> _Collected data entries_
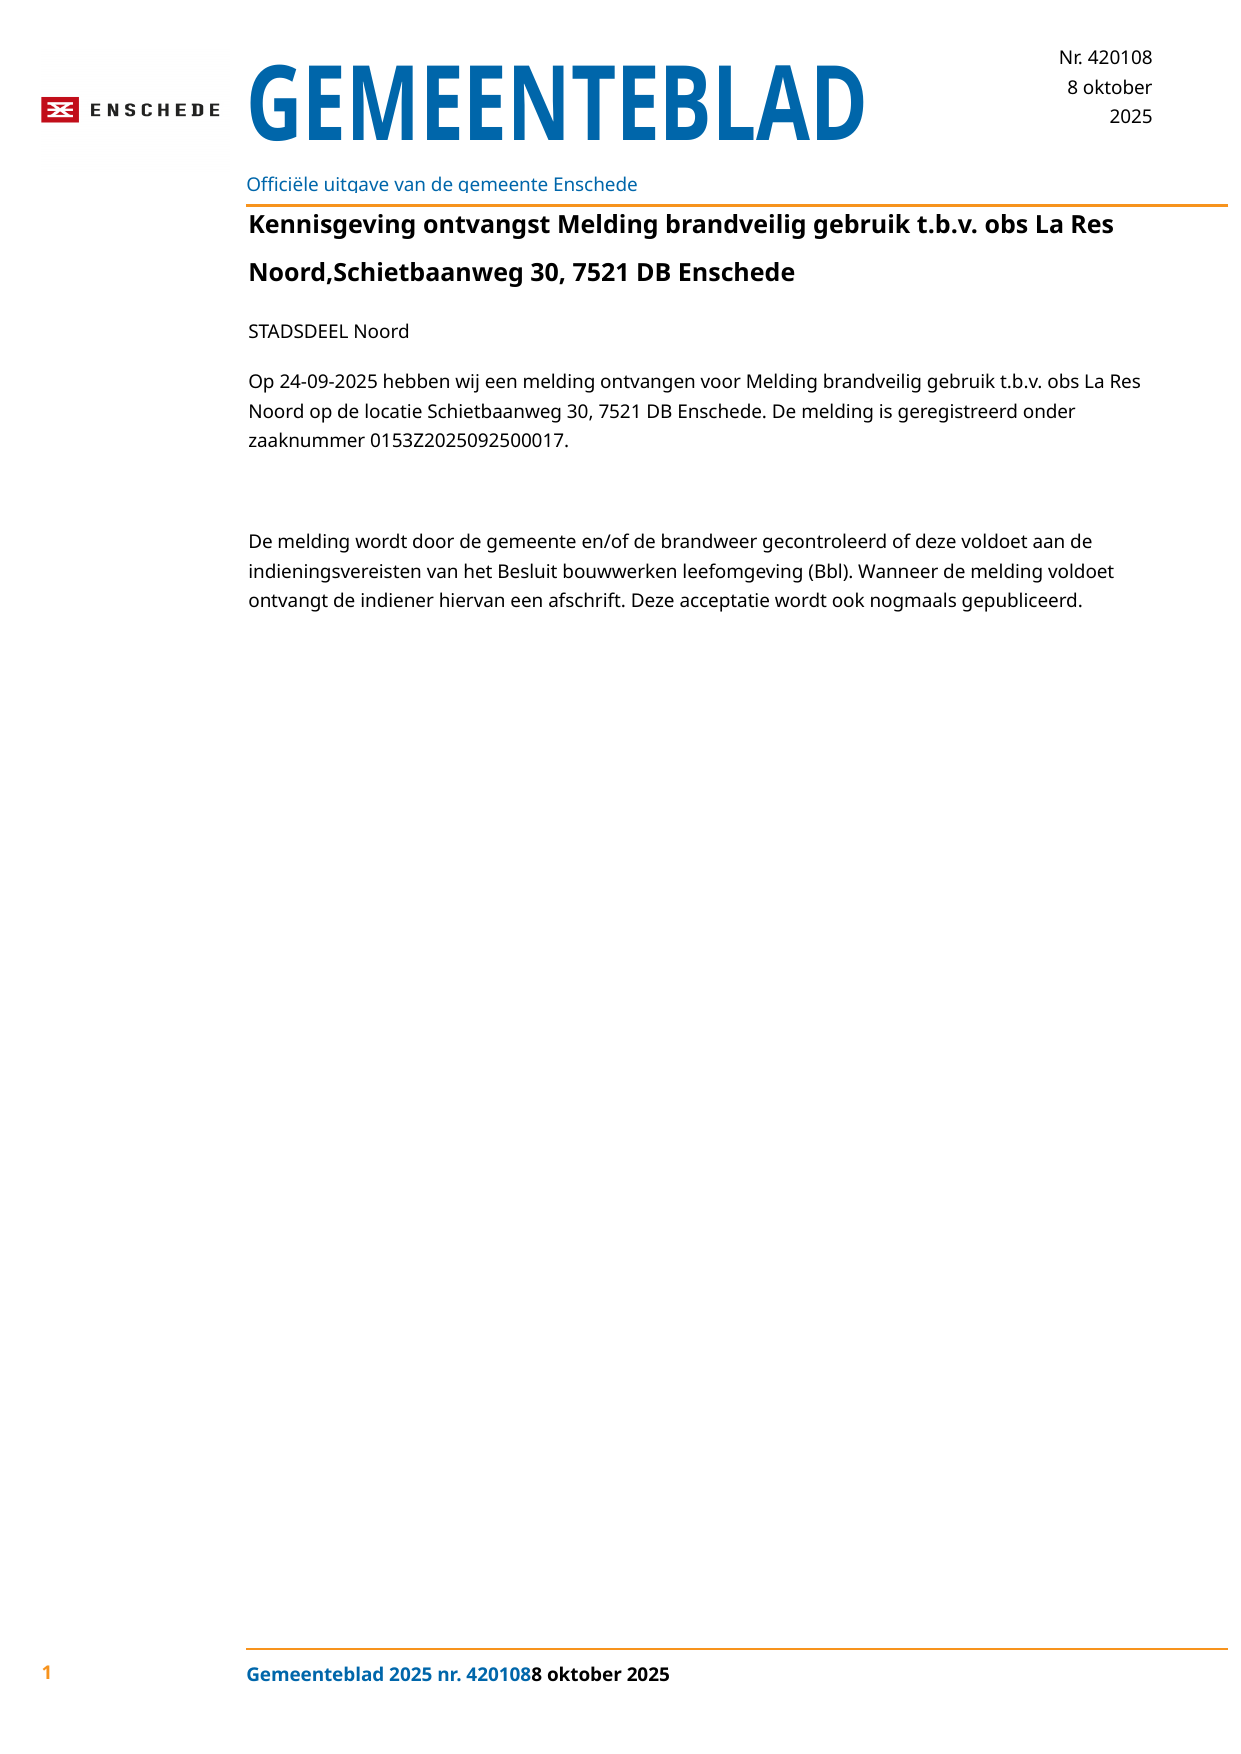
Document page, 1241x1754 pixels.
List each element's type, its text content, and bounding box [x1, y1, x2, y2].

text Op 24-09-2025 hebben wij een melding ontvangen voor Melding brandveilig gebruik t.b.v. obs La Res Noord op de locatie Schietbaanweg 30, 7521 DB Enschede. De melding is geregistreerd onder zaaknummer 0153Z2025092500017. [248, 368, 1152, 453]
text Kennisgeving ontvangst Melding brandveilig gebruik t.b.v. obs La Res Noord,Schietbaanweg 30, 7521 DB Enschede [248, 207, 1152, 288]
text STADSDEEL Noord [248, 318, 1152, 344]
text De melding wordt door de gemeente en/of de brandweer gecontroleerd of deze voldoet aan de indieningsvereisten van het Besluit bouwwerken leefomgeving (Bbl). Wanneer de melding voldoet ontvangt de indiener hiervan een afschrift. Deze acceptatie wordt ook nogmaals gepubliceerd. [248, 528, 1152, 613]
picture [41, 47, 231, 172]
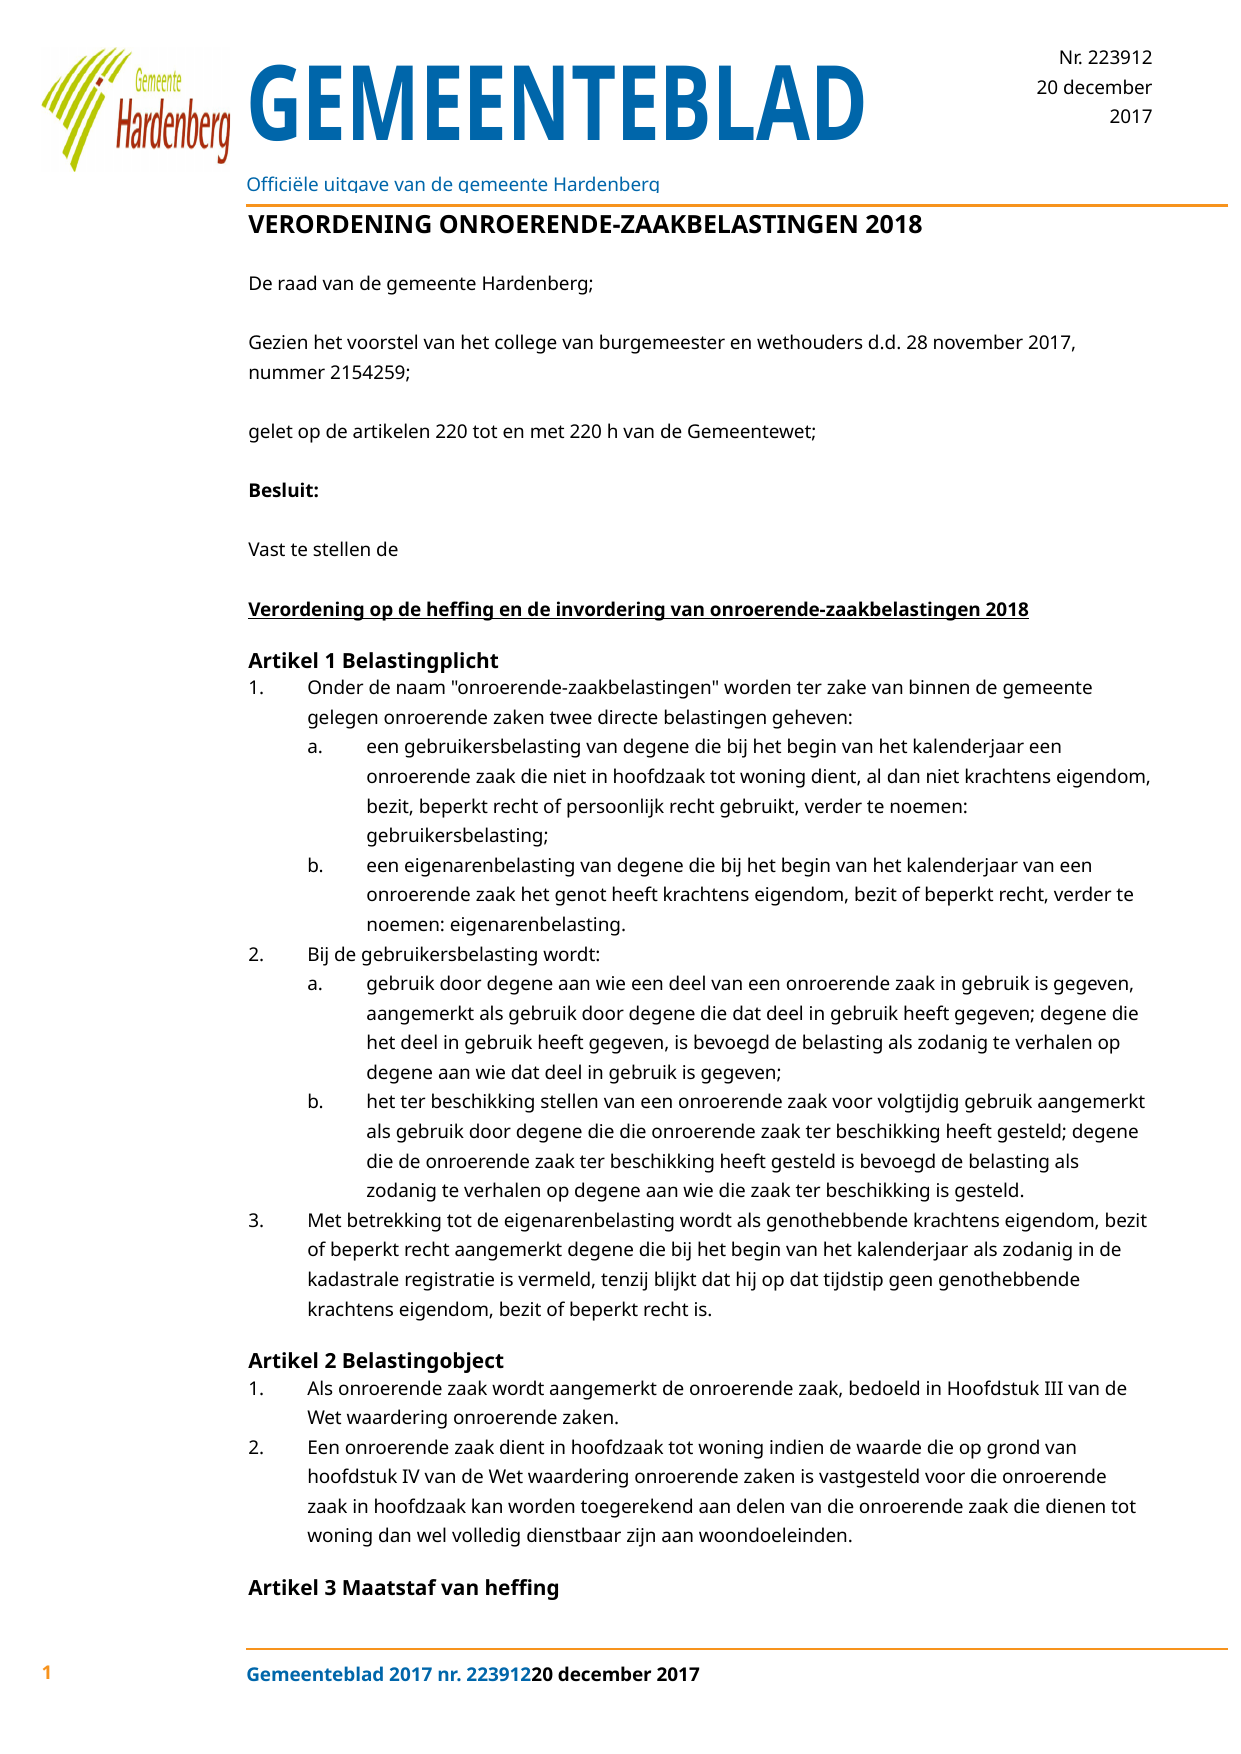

> _Task to complete_
Copy each record exactly. Leave any images out of the copy.

> _Task solution_
Document page, 1241x1754 pixels.
List each element's type, its text content, and bounding box [x1, y1, x2, y2].

text Op 24-09-2025 hebben wij een melding ontvangen voor Melding brandveilig gebruik t.b.v. obs La Res Noord op de locatie Schietbaanweg 30, 7521 DB Enschede. De melding is geregistreerd onder zaaknummer 0153Z2025092500017. [248, 368, 1152, 453]
text Kennisgeving ontvangst Melding brandveilig gebruik t.b.v. obs La Res Noord,Schietbaanweg 30, 7521 DB Enschede [248, 207, 1152, 288]
text STADSDEEL Noord [248, 318, 1152, 344]
text De melding wordt door de gemeente en/of de brandweer gecontroleerd of deze voldoet aan de indieningsvereisten van het Besluit bouwwerken leefomgeving (Bbl). Wanneer de melding voldoet ontvangt de indiener hiervan een afschrift. Deze acceptatie wordt ook nogmaals gepubliceerd. [248, 528, 1152, 613]
picture [41, 47, 231, 172]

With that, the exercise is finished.